Unterwasserarchäologie in Lio Piccolo: Austern aus der Römerzeit

Bei einer Unterwasser-Ausgrabungskampagne in der Lagune von Venedig machten Archäologen in der Gemeinde Cavallino Treporti bereits im Juli 2022 eine bemerkenswerte Entdeckung. Das als „Römische Villa von Lio Piccolo“ bekannte Bauwerk war mit Becken für die Austern-Zucht ausgestattet.

Ein Taucher birgt einen Ziegel
Tauchgang in der Lagune von Venedig (Foto: Università Ca‘ Foscari Venezia)

Die Untersuchungen wurden von Carlo Beltrame, außerordentlicher Professor für maritime Archäologie an der Universität Ca‘ Foscari Venedig geleitet. Auf dem Meeresboden fanden die Taucher Holzpfähle und ein rechteckiges Ziegelbecken. Diese Strukturen konnten auf der Grundlage von Radiokarbonanalysen in das 1. und 2. Jh. n. Chr. datiert werden.

In der Römerzeit diente das Becken der Zucht und der Lagerung von Austern. Die Meeresfrüchte am Boden des Tanks waren außergewöhnlich gut erhalten.

„In der römischen Welt“, erklärte Carlo Beltrame, „wurden Austern auf der italienischen Halbinsel hochgeschätzt und gezüchtet. Antike Autoren berichten auch über die Austern Istriens, erwähnen aber Altinum (eine Stadt in der Lagune von Venedig) nicht, wo Austern jedoch bei verschiedenen Ausgrabungen der römischen Stadt gefunden wurden. Es ist daher nicht verwunderlich, dass sie in Lio Piccolo zu finden sind, d. h. an einem Ort, der in der Römerzeit in Küstennähe gelegen haben muss und somit ideale Bedingungen für ihr Wachstum bot“.

Zahlreiche Reste wertvoller Fresken, sowie Schwarz-Weiß-Mosaike vervollständigen das Bild. Nach der vorläufigen Hypothese des Wissenschaftlerteams handelt es sich um eine maritime Villa von gewissem Rang, die mit Becken für die Austernzucht ausgestattet war.

Unterwasseraufnahme: Austern zwischen zwei Ziegelsteinmauern, Maßstab und Nordpfeil
Austern auf dem Boden des Ziegelsteinbeckens (Foto: Università Ca‘ Foscari Venezia)

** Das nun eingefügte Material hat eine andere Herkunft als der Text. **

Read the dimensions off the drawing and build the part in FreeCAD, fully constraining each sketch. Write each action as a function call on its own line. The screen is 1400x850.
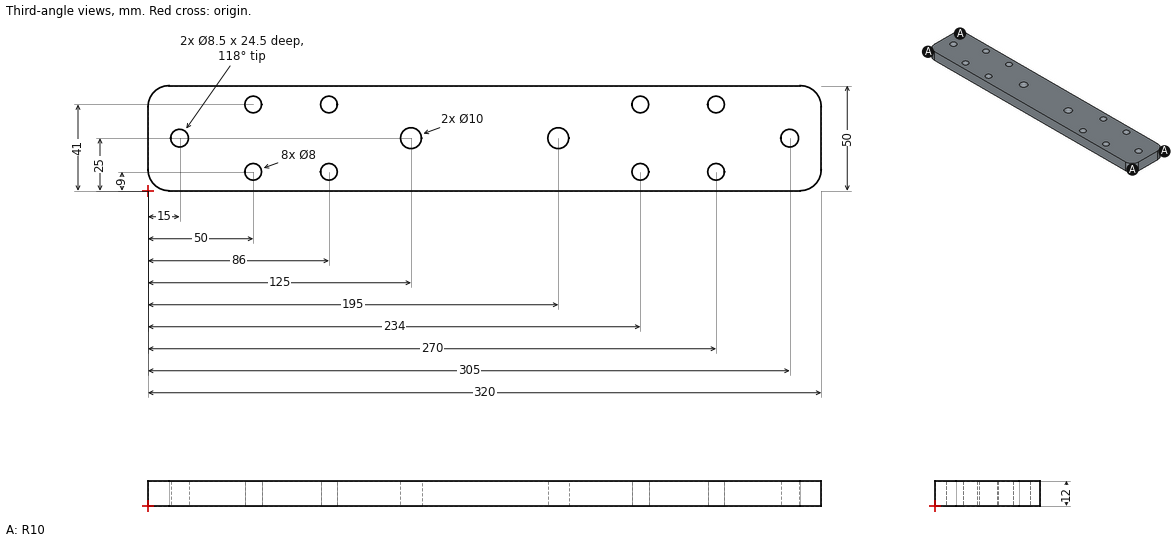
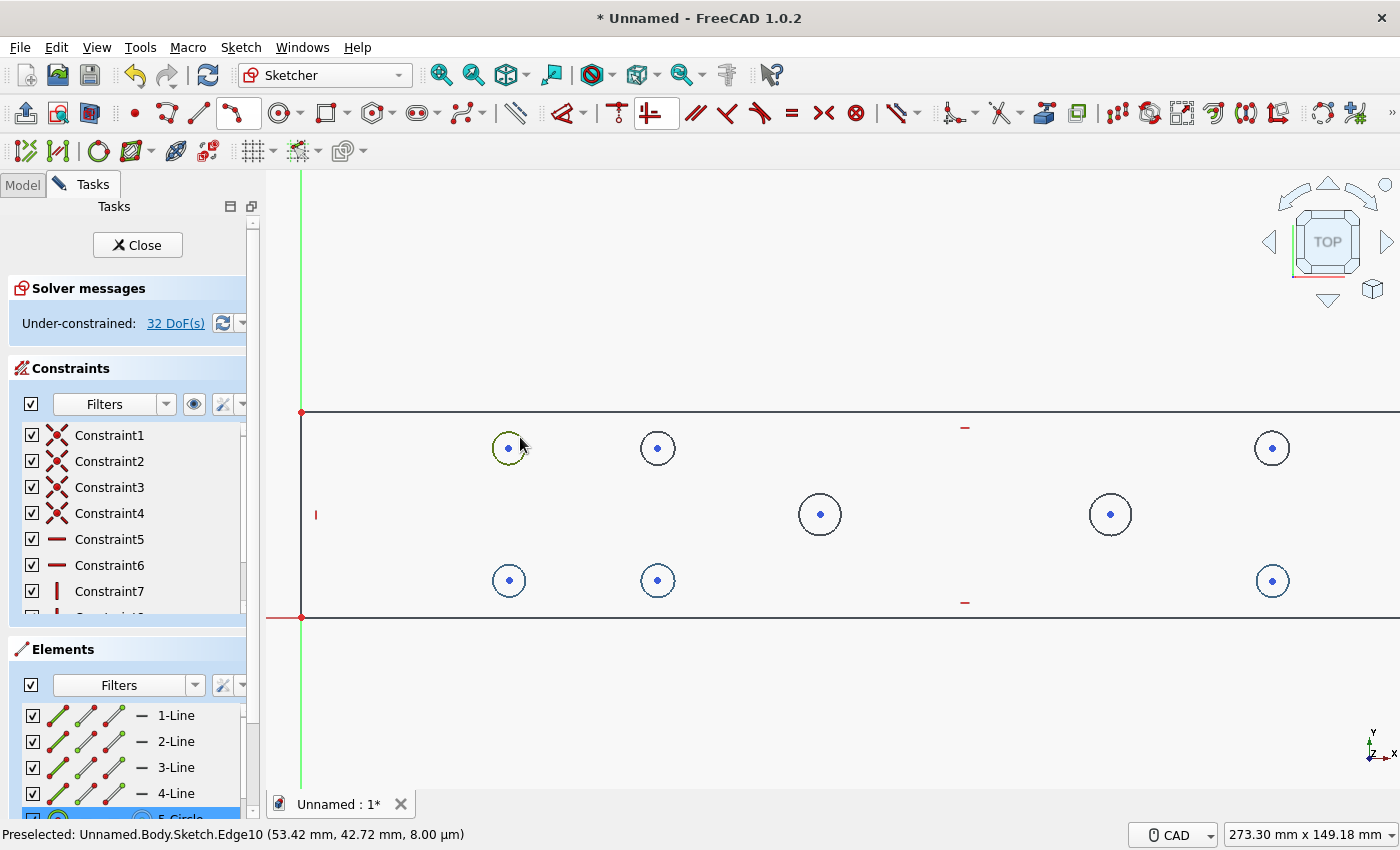
click(670, 436)
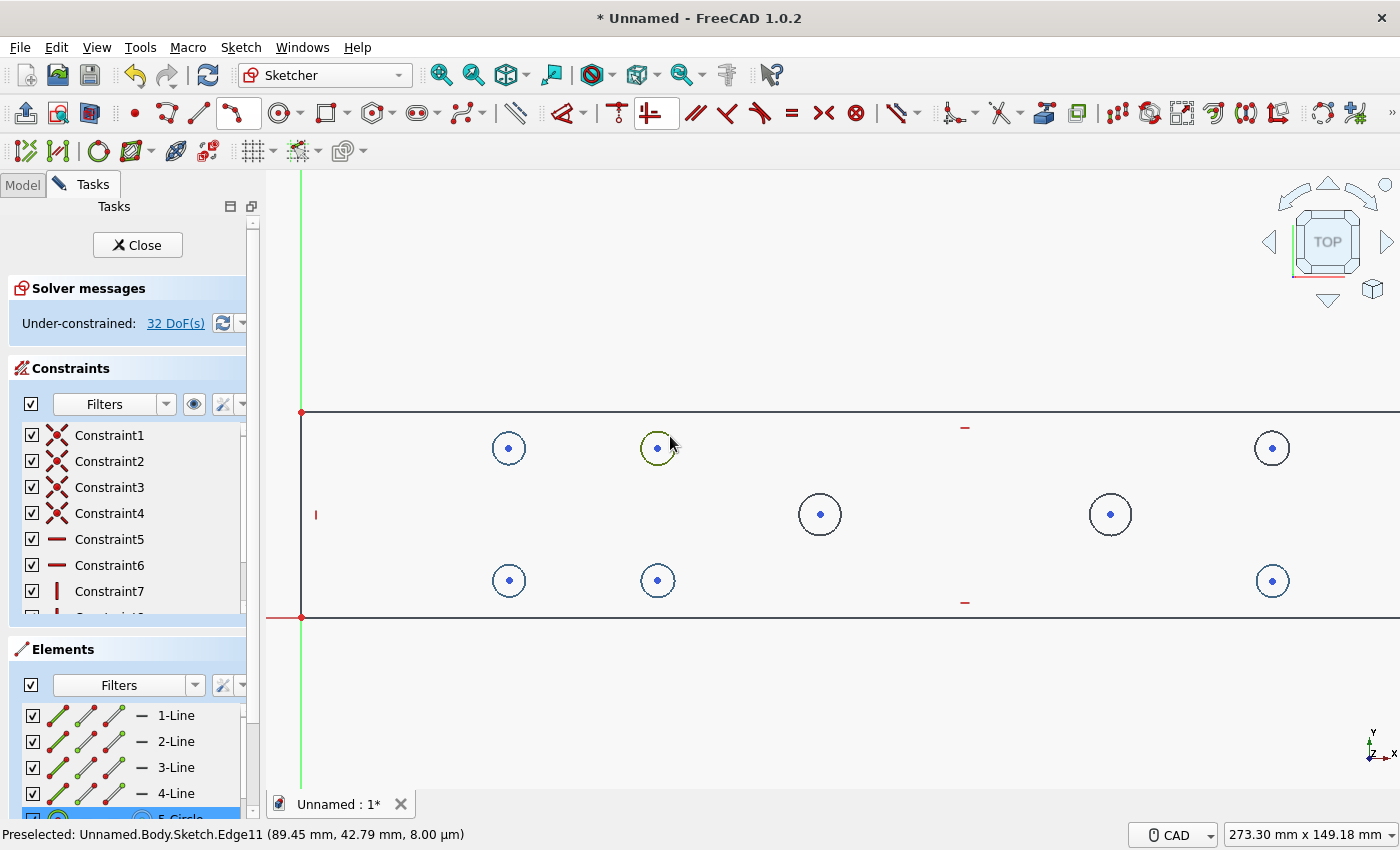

Die versuchsweise Anwendung der Unterwasserphotogrammetrietechnik unter der Leitung von Elisa Costa, Forschungsstipendiatin an der Universität Venedig, führt selbst in diesen Gewässern mit sehr geringer Sichtbarkeit zu hervorragenden Ergebnissen und ermöglicht eine bessere Dokumentation der identifizierten Unterwasserstrukturen.

Diese Stätte ist Teil des von Carlo Beltrame in Zusammenarbeit mit Paolo Mozzi durchgeführten Projekts zur Archäologie der Lagunenlandschaft, das sich mit der Rekonstruktion der Hafenanlage von Altinum befasst. In den letzten zwei Jahren wurde bereits der so genannte römische Turm untersucht, der sich in Wirklichkeit als eine Zisterne erwies.

Ein integraler Bestandteil des Projekts ist die Erforschung des städtischen Hafens von Altinum. Bei früheren Untersuchungen wurde bereits das große L-förmige Hafenbecken mit einer Fläche von einem Hektar dokumentiert.

Nach einer Pressemeldung der Universität Ca‘ Foscari Venedig.